Now things have changed and it’s just the two of you and you’re on a date! If you’ve been following the A – Z of Christian Dating, you’ll know there’s a huge amount you need to find out about the other person. We talked recently about Values – not too dissimilar to Character traits that we discussed right at the very beginning of the alphabet. These are things that are absolutely foundational to the depth, and success, of your long-term relationship. Yes of course your ‘blood’ is flowing and you may well be ‘attracted physically’ to the other person, but my advice it to keep the outworking of this physical attraction (i.e. kissing) out of the picture at this point.

Think about the days of Jayne Eyre. Couples were chaperoned right to the day they got married…they weren’t able to have physical contact – kissing and the like – until the relationship – and commitment between them – had been formalised in a marriage proposal and acceptance. There were good reasons for this.

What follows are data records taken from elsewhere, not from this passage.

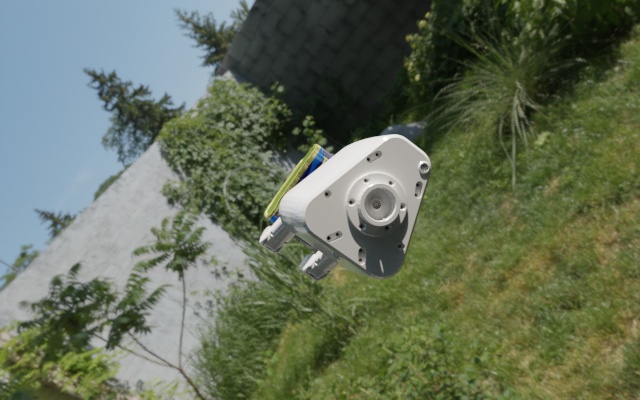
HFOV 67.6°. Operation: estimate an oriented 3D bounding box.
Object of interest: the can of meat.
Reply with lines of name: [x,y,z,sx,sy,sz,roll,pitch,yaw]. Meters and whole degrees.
can of meat: [0.000,0.001,0.519,0.084,0.102,0.057,35,-2,-11]
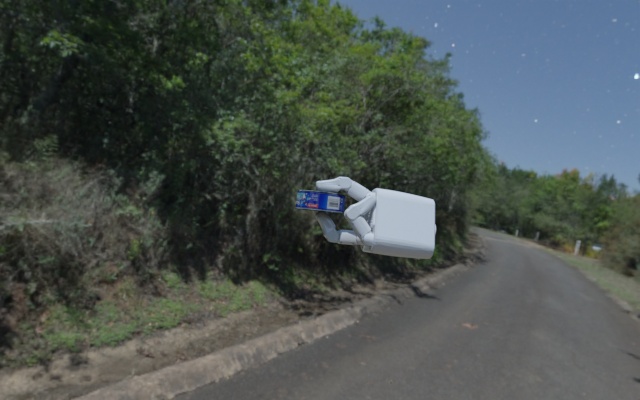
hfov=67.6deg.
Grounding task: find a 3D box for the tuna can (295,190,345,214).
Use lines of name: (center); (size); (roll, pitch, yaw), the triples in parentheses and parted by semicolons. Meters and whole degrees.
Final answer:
tuna can: (0.000, 0.002, 0.835); (0.086, 0.034, 0.086); (6, -2, 0)
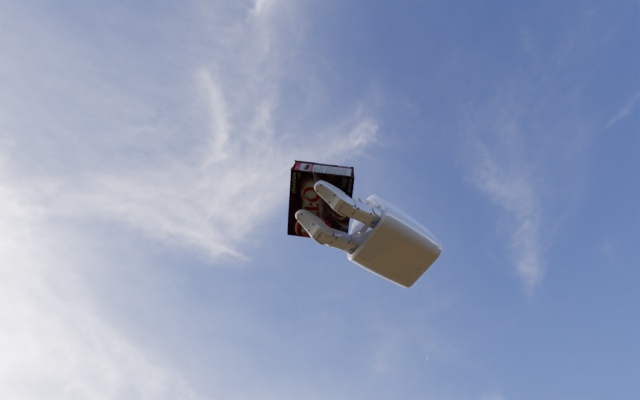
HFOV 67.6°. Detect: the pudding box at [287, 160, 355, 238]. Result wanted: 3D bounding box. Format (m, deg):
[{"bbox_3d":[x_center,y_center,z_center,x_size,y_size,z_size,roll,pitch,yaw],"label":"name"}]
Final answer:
[{"bbox_3d":[0.000,0.002,0.692,0.090,0.113,0.039,6,28,3],"label":"pudding box"}]
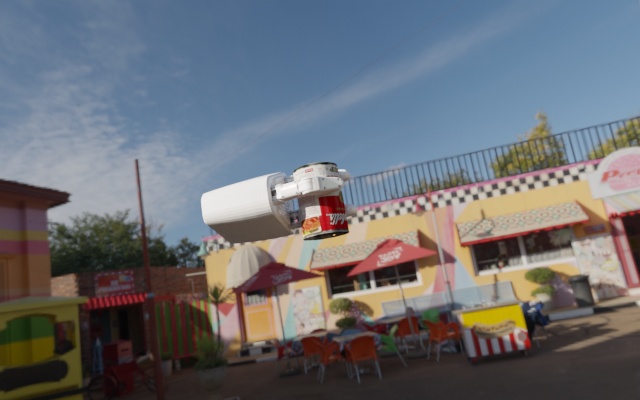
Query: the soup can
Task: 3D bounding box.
[{"bbox_3d":[0.001,0.002,0.693,0.068,0.102,0.068,-9,-11,-2],"label":"soup can"}]
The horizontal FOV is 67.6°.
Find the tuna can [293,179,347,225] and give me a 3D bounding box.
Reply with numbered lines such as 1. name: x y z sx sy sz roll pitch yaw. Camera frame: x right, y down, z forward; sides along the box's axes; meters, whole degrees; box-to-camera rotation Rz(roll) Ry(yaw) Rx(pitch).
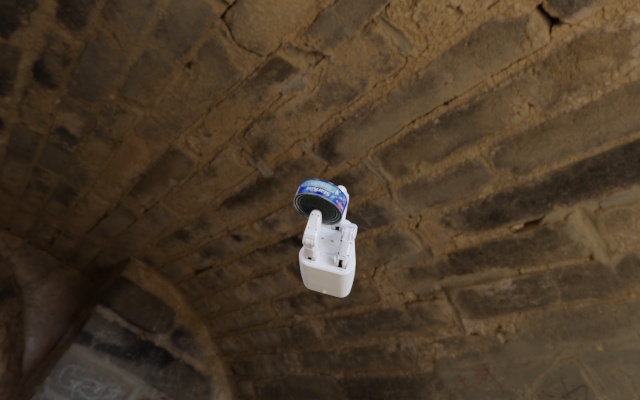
1. tuna can: 0.000 0.002 0.785 0.086 0.033 0.086 17 -31 10
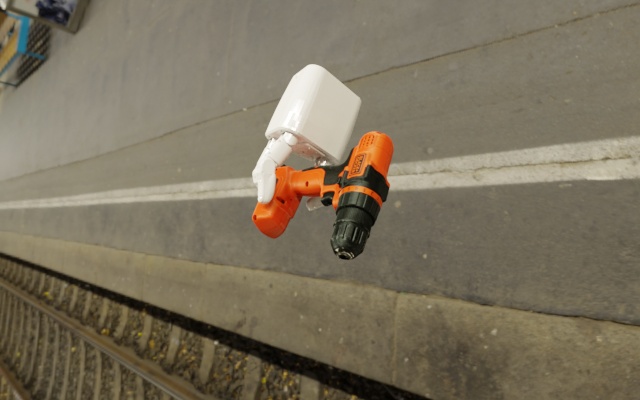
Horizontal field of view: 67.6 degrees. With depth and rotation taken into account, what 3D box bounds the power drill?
[{"bbox_3d":[0.000,0.002,0.623,0.187,0.184,0.057,-10,-45,37],"label":"power drill"}]
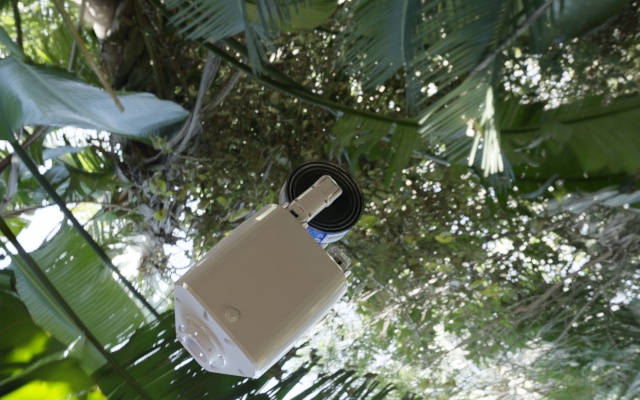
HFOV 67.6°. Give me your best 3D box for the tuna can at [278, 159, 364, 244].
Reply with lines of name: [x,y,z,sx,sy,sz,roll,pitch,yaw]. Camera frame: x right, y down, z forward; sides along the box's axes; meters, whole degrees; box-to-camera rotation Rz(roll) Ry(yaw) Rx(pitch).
tuna can: [0.000,0.002,0.499,0.086,0.086,0.034,0,-28,-23]

You may think a kiss is harmless but as my mother used to say…..and I’ve heard this so very often when talking to people who are dating…..one thing leads to another – especially if there is physical attraction. However wonderful the physical connection feels – at the very early stages of a relationship – it’s just too early! It’s not the right time to be kissing!

Let me back up my point there here by saying God’s way of ‘dating’ is very different to the world’s way. The world says find someone who you are physically attracted to first. (Why do you think sites like Tinder are so popular – and in my view so damaging?), see if you are physically compatible – kiss, cuddle, pet, sleep together, then find out if you can live together and then get married if everything else has worked out OK.

God’s way is (as ever) upside down – i.e. 180 degrees different to the world’s way.

We’re encouraged to find someone spiritually compatible first, then comes compatibility in character and life, then comes the marriage commitment – and only at that point comes the physical bonding.

Do you free pressure to kiss when you’ve been on a date? Wouldn’t it be some much lovelier if we all knew that kissing was off limits at first.? Wouldn’t that make the first (or 1st few dates) so much easier – wouldn’t it take the pressure off.

A kiss on a first date doesn’t need to mean anything. It doesn’t even mean the other person is attracted to you. And in my view, it simply distracts you from working out your thoughts about them.

You might think I’m being very ‘bar humbug’ here. Don’t get me wrong. I think kissing is marvellous – I’m definitely one of those people who get that sex is God’s wonderful creation – made for us to enjoy and glory in each other. But I’m also 100% of the belief that sex has been massively misused in our world and has completely messed us up. In fact, I’m of a very strong belief that that the Enemy/ the Devil uses sex as one of his greatest tools to destroy God’s beautiful creation of humans.

So, let’s keep kissing at the end of where it belongs.

Keep it out of your first/early dates. Take the pressure off your meetings and dates and enjoy getting to know someone without this pressure.

If it turns out you are right for each other, there will be a lifetime of opportunity to kiss and enjoy each other physically. And I you aren’t right for each other, then you don’t need to have been kissing anyway.